What is required —
Using the records below, output the stretch that opens with the line containing "1. person [843, 408, 878, 485]" and closes with the line containing "0.213 -18 14 5", exactly and including both lines, with nothing more.

[Stored dataset items]
————
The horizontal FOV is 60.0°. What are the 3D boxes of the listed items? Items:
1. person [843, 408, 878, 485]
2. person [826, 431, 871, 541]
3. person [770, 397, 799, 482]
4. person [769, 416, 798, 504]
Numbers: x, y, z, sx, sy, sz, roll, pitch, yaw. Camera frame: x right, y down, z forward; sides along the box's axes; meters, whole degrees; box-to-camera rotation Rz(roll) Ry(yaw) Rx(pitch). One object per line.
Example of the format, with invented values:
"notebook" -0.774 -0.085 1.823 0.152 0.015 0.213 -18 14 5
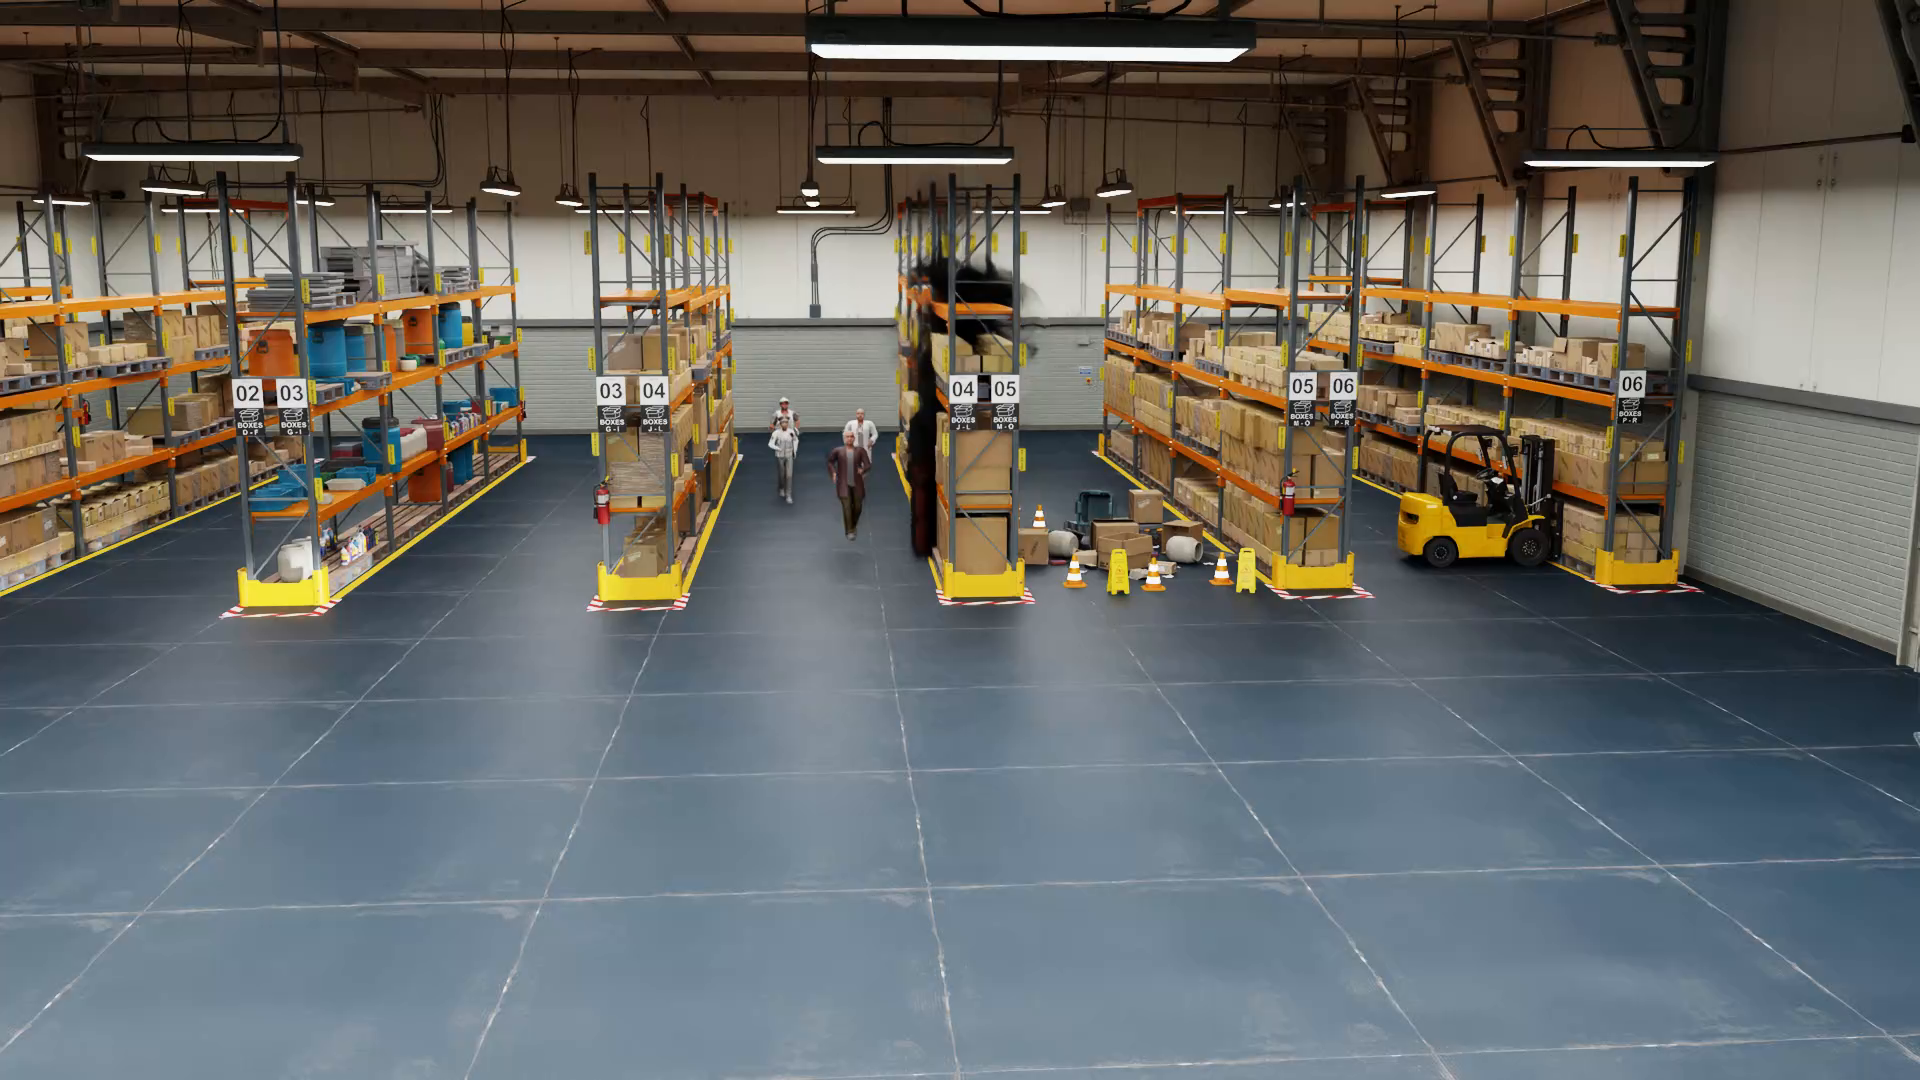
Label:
"person" -2.017 -1.804 33.877 0.718 1.747 0.638 -1 10 -6
"person" -1.798 -0.891 27.069 0.720 1.773 0.841 -2 10 -11
"person" -3.773 -2.184 35.896 0.656 1.792 0.981 -2 10 -10
"person" -3.496 -1.624 33.038 0.608 1.708 0.865 -2 10 -9
————
Answer section —
1. person [843, 408, 878, 485]
2. person [826, 431, 871, 541]
3. person [770, 397, 799, 482]
4. person [769, 416, 798, 504]
Numbers: x, y, z, sx, sy, sz, roll, pitch, yaw. Camera frame: x right, y down, z forward; sides along the box's axes; meters, whole degrees; box-to-camera rotation Rz(roll) Ry(yaw) Rx(pitch). One object per line.
Example of the format, with invented values:
"notebook" -0.774 -0.085 1.823 0.152 0.015 0.213 -18 14 5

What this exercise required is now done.